God gave Jack a special  nurse named Candy.  From the first time she took care of Jack I just loved her.  I believe that God places people in our life for a special reason.  Candy needs prayers because her breast cancer has come back.  We all know what prayers can do we have seen it with Jack.  Please spread the word to pray for our friend Candy.  The NICU needs her back and the world needs more people like her.  God knows what he is doing and even though it's hard not to question things I know that God is working in her life!  I'm so thankful for the new friend God has allowed Jack and I to meet in this troubling time!

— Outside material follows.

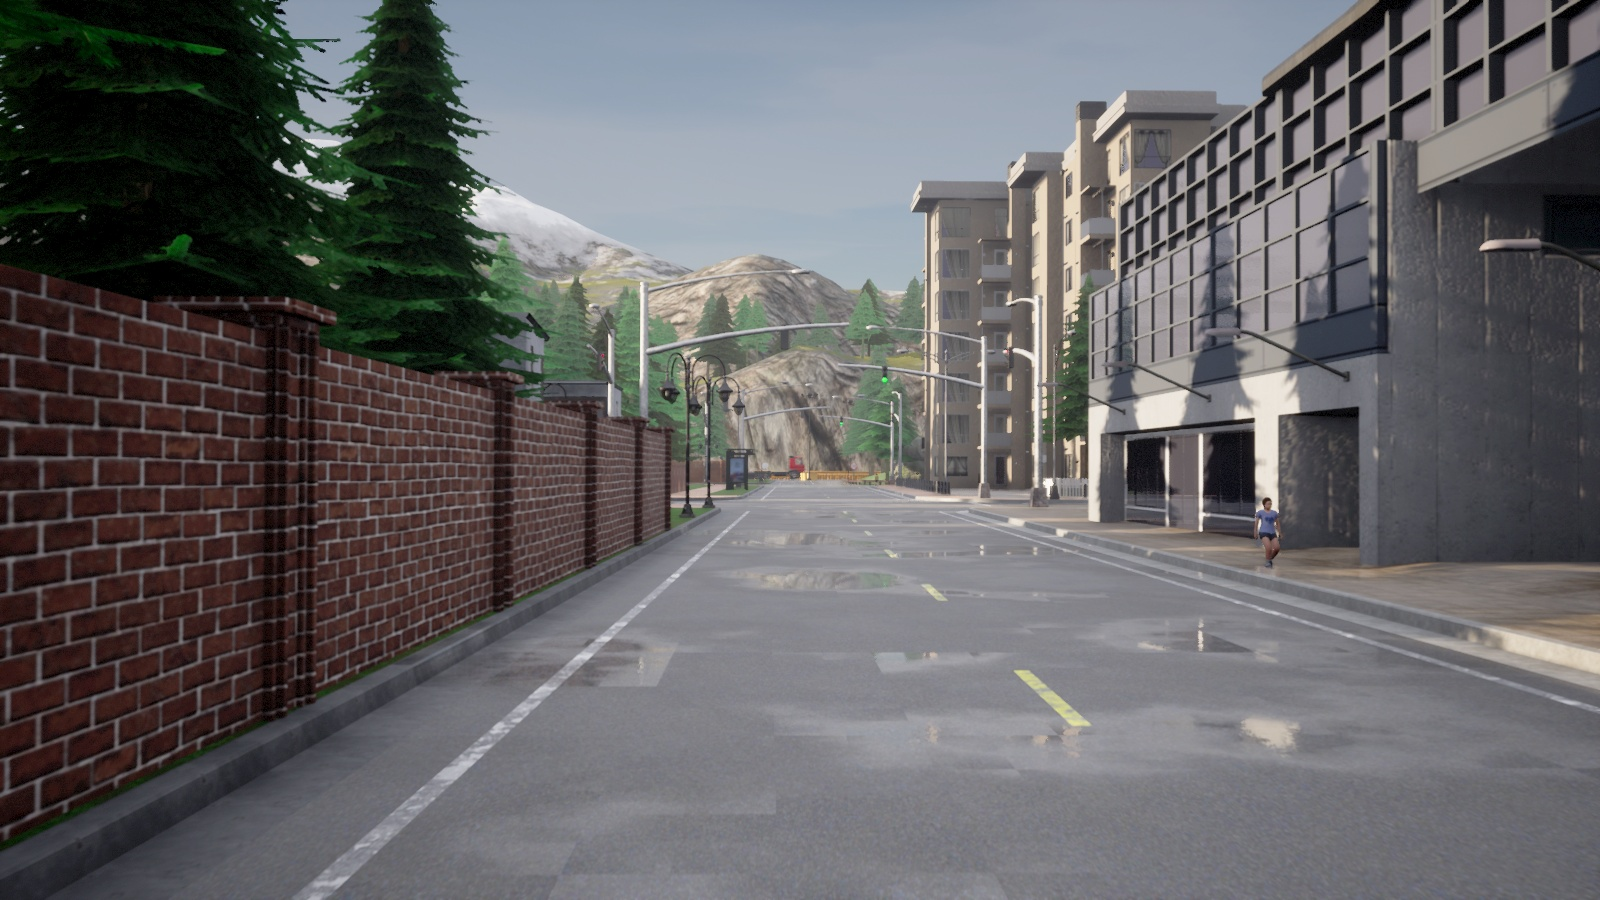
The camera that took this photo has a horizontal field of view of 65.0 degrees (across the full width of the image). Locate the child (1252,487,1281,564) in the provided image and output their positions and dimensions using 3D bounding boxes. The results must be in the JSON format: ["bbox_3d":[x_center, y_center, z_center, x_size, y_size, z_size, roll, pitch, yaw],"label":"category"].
[{"bbox_3d":[6.825,1.102,18.369,0.255,1.110,0.394,0,-1,-3],"label":"child"}]

Wednesday, November 24, 2010

8th Day in the NICU

Well today was a great day again!  Jack's levels are down to 6.1. Which means fingers crossed they will remove the lights tomorrow.  Jack has an awesome nurse Candy and she said she will beg the doctors for Jack to have them removed so we can take the shades away.  I did skin to skin with Jack for the first time today.  It's an amazing feeling holding your bare skined child to your bare skined chest.  It's just amazing.  Jack is still having a few heart rate drops but Candy said that as the days go on and he gets stronger and more mature he should stop those.  It's so hard leaving each time, but it's a good feeling knowing that the nurses are there and they are so caring.  Jack was up to 28 cc's of breast milk.  Almost one whole ounce.  In one week he went from 2 cc's to 28!  :)  What a big boy! Today Aunt Bev came to the hospital with me.

Tuesday, November 23, 2010

ONE WEEK OLD!!!

Well it's hard to believe that Jack has already been born for one week!  It feels like just yesterday.  The days kind of run into each other.  Brian and I got to see Jack today because Brian was off work.  I held Jack for about 30 minutes.  He is up to 23 cc's of food.  His blood levels are down to 7.1.  The doctor didn't write orders for him to be removed from the lights.  I can't wait until they take them away.  Jack has the prettiest eyes and I know he hates those shades.  He is always pulling at them.  He is such a wiggle worm.  It's so cute to watch him stretch out real big.  He has such long limbs.  Tomorrow I'm going to start skin to skin with him.  I can't wait to feel my handsome boy against me.  I also got to kiss Jack for the first time today.  Brian was going to hold Jack, but he woke up with a little cough so we wanted to be safe than sorry so he is going to wait until Thursday to hold.  If he is over the cough.  All in all it's been a great day.  I can't wait until tomorrow.  Thanks for the thoughts and prayers.